#### WHAT YOU NEED TO DO:
Reproduce the records that follow in full, excluding any picture they contain.

#### RECORDS SHOWN:
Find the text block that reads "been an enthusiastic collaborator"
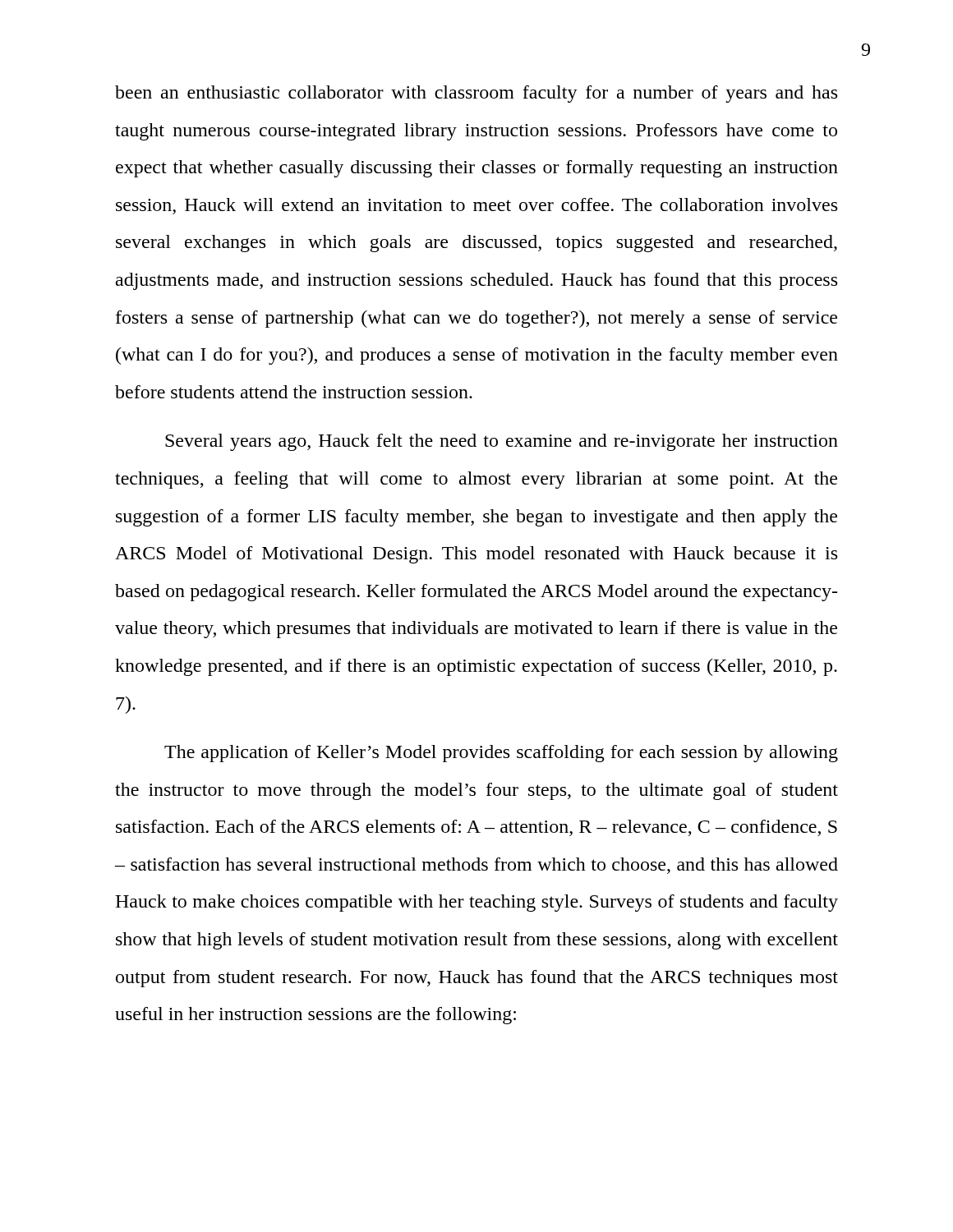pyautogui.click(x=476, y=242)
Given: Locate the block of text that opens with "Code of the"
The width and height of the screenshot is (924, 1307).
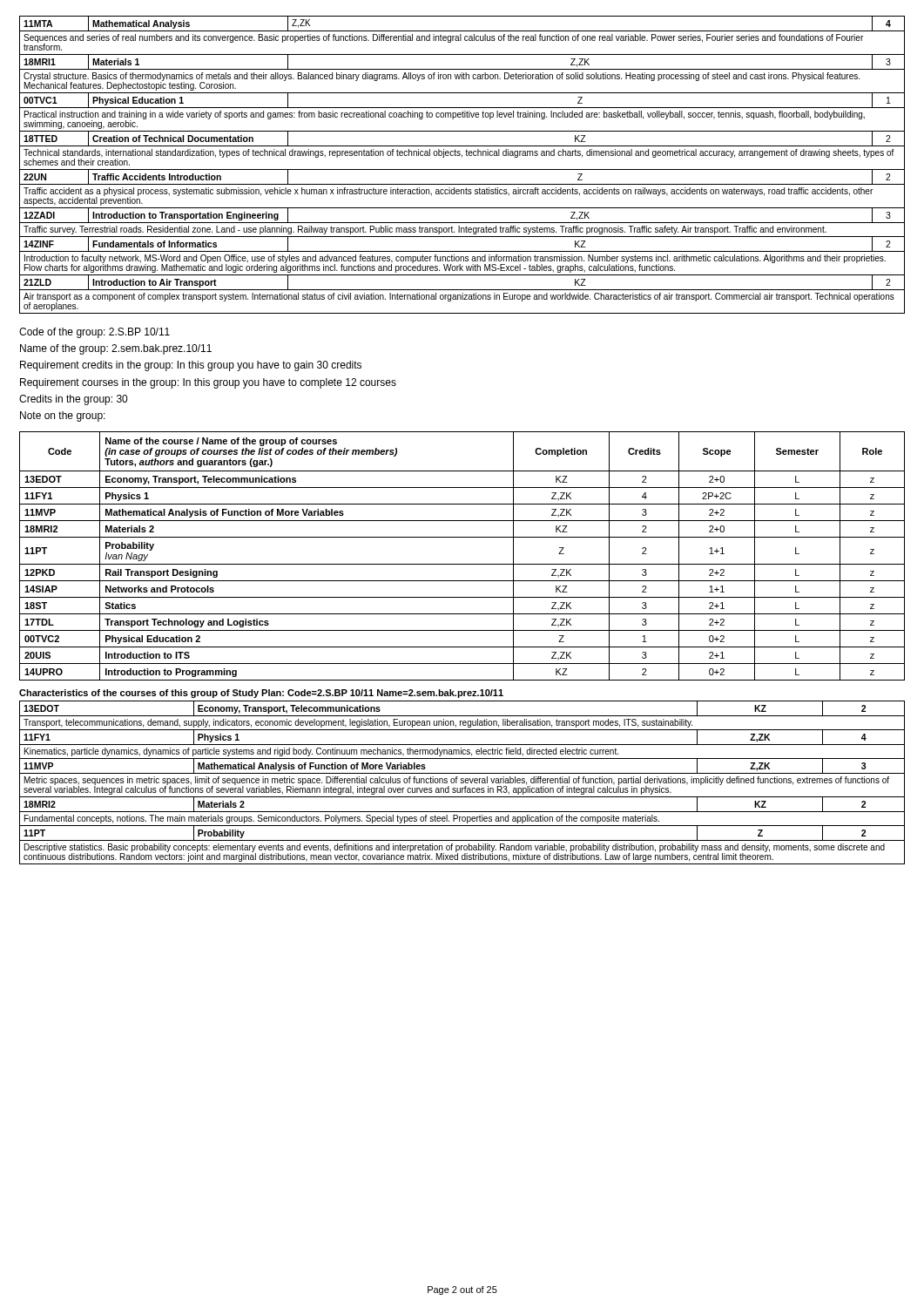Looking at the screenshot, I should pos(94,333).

#### RESPONSE AREA:
Find the text block that reads "been an enthusiastic collaborator"
pyautogui.click(x=476, y=242)
Given: Locate the block of text that opens with "Code of the"
The width and height of the screenshot is (924, 1307).
Looking at the screenshot, I should pos(94,333).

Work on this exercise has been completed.